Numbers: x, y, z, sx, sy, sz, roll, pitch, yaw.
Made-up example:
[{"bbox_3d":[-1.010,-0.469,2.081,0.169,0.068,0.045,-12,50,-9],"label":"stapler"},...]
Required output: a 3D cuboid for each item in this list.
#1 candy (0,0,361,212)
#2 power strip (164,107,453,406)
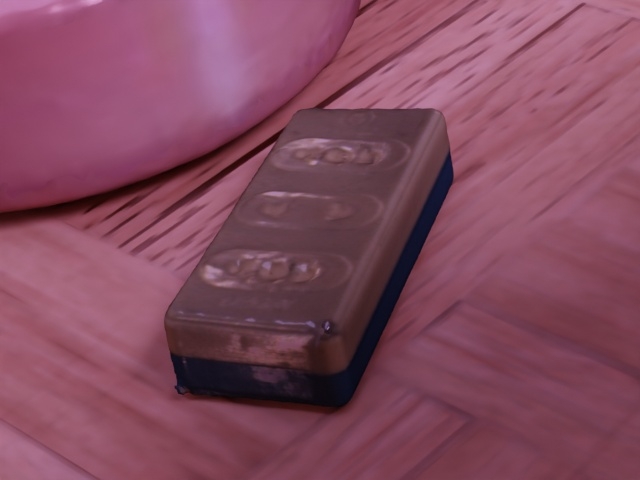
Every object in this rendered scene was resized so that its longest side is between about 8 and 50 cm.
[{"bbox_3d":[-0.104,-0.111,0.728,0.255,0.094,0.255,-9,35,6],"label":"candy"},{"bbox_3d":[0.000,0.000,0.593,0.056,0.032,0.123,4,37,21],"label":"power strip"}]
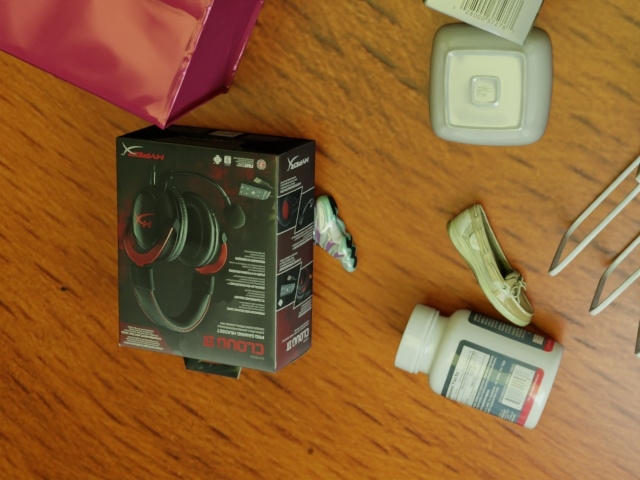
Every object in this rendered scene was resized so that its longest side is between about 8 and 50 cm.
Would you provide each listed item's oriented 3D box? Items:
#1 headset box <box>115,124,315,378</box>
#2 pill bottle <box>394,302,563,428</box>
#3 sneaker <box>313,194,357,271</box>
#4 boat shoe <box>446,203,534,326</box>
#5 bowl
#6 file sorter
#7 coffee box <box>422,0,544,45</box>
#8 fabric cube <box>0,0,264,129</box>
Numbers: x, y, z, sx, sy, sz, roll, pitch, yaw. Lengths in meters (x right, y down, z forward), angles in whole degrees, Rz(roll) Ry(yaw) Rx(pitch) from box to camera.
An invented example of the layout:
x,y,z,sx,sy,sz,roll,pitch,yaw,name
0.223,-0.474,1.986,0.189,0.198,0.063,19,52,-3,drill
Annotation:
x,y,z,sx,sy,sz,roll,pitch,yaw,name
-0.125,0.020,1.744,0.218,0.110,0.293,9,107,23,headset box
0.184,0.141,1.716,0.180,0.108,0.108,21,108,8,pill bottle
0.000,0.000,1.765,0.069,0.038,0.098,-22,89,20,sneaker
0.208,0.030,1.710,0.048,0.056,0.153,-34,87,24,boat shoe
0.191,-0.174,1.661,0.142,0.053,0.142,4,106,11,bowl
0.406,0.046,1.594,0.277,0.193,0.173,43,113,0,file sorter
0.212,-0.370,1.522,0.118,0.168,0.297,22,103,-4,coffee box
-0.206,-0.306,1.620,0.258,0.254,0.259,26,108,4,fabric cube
---
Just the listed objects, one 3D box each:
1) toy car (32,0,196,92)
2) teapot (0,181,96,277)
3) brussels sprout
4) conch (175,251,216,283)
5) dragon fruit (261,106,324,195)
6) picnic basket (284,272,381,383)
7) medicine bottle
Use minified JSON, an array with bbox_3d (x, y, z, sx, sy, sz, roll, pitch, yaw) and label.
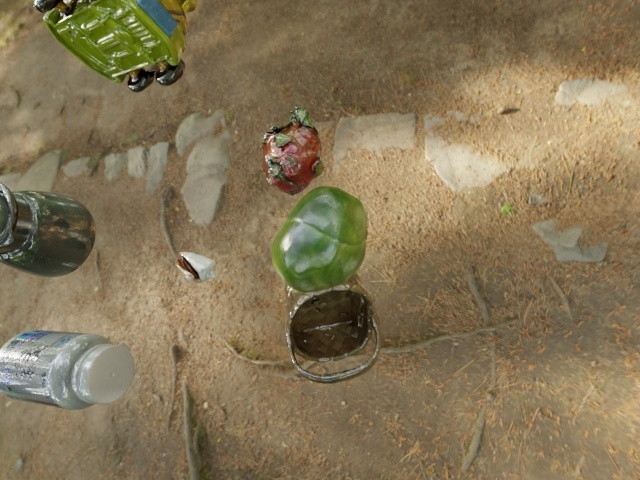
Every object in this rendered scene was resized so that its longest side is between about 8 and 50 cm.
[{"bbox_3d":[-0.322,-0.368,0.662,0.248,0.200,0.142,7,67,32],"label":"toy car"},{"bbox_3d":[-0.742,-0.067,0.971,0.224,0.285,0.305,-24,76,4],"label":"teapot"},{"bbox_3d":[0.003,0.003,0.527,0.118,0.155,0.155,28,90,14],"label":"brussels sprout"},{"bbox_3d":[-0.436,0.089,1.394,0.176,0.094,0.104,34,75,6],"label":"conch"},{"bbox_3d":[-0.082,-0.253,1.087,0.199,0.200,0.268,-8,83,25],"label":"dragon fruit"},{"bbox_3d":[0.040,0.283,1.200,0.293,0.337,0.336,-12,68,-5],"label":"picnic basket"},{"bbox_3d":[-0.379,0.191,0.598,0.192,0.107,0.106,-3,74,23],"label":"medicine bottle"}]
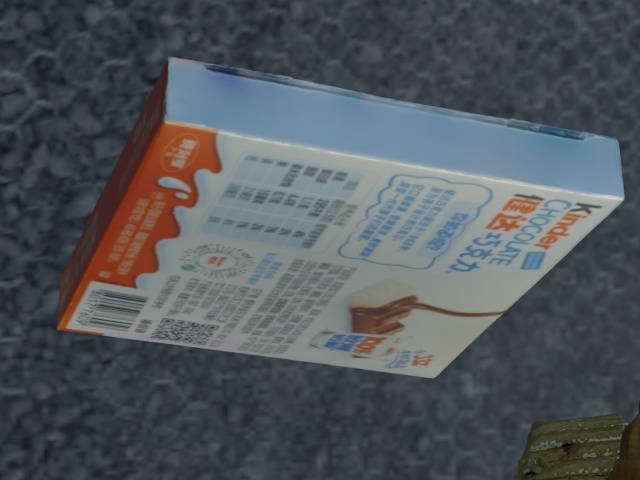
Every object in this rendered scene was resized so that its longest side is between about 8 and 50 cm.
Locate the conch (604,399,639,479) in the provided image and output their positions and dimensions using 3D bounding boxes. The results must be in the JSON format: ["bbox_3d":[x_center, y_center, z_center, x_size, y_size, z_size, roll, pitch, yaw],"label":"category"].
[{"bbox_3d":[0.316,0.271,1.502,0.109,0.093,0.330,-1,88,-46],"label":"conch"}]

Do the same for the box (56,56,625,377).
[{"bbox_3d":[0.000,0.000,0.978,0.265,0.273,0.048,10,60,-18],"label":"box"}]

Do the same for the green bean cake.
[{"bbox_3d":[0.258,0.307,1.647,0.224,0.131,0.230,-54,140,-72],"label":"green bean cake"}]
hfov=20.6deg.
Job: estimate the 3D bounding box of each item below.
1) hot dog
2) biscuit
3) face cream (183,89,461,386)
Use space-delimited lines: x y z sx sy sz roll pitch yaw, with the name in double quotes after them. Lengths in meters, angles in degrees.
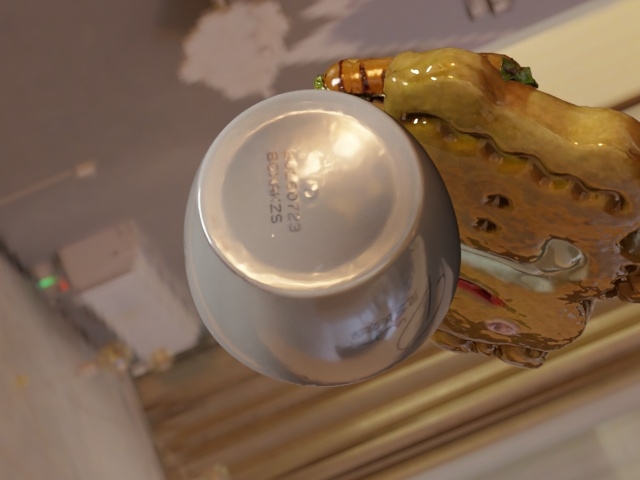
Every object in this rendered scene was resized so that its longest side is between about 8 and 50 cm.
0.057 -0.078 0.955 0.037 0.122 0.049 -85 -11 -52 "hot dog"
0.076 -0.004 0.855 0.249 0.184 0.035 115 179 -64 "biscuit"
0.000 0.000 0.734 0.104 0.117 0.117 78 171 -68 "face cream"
---
Report each line of the material in which the string "Numbers" occurs.

▶ Task response:
Numbers: x, y, z, sx, sy, sz, roll, pitch, yaw.
Numbers: x, y, z, sx, sy, sz, roll, pitch, yaw. Lengths in meters (x right, y down, z forward), angles in whole degrees, Rz(roll) Ry(yaw) Rx(pitch) from box to camera.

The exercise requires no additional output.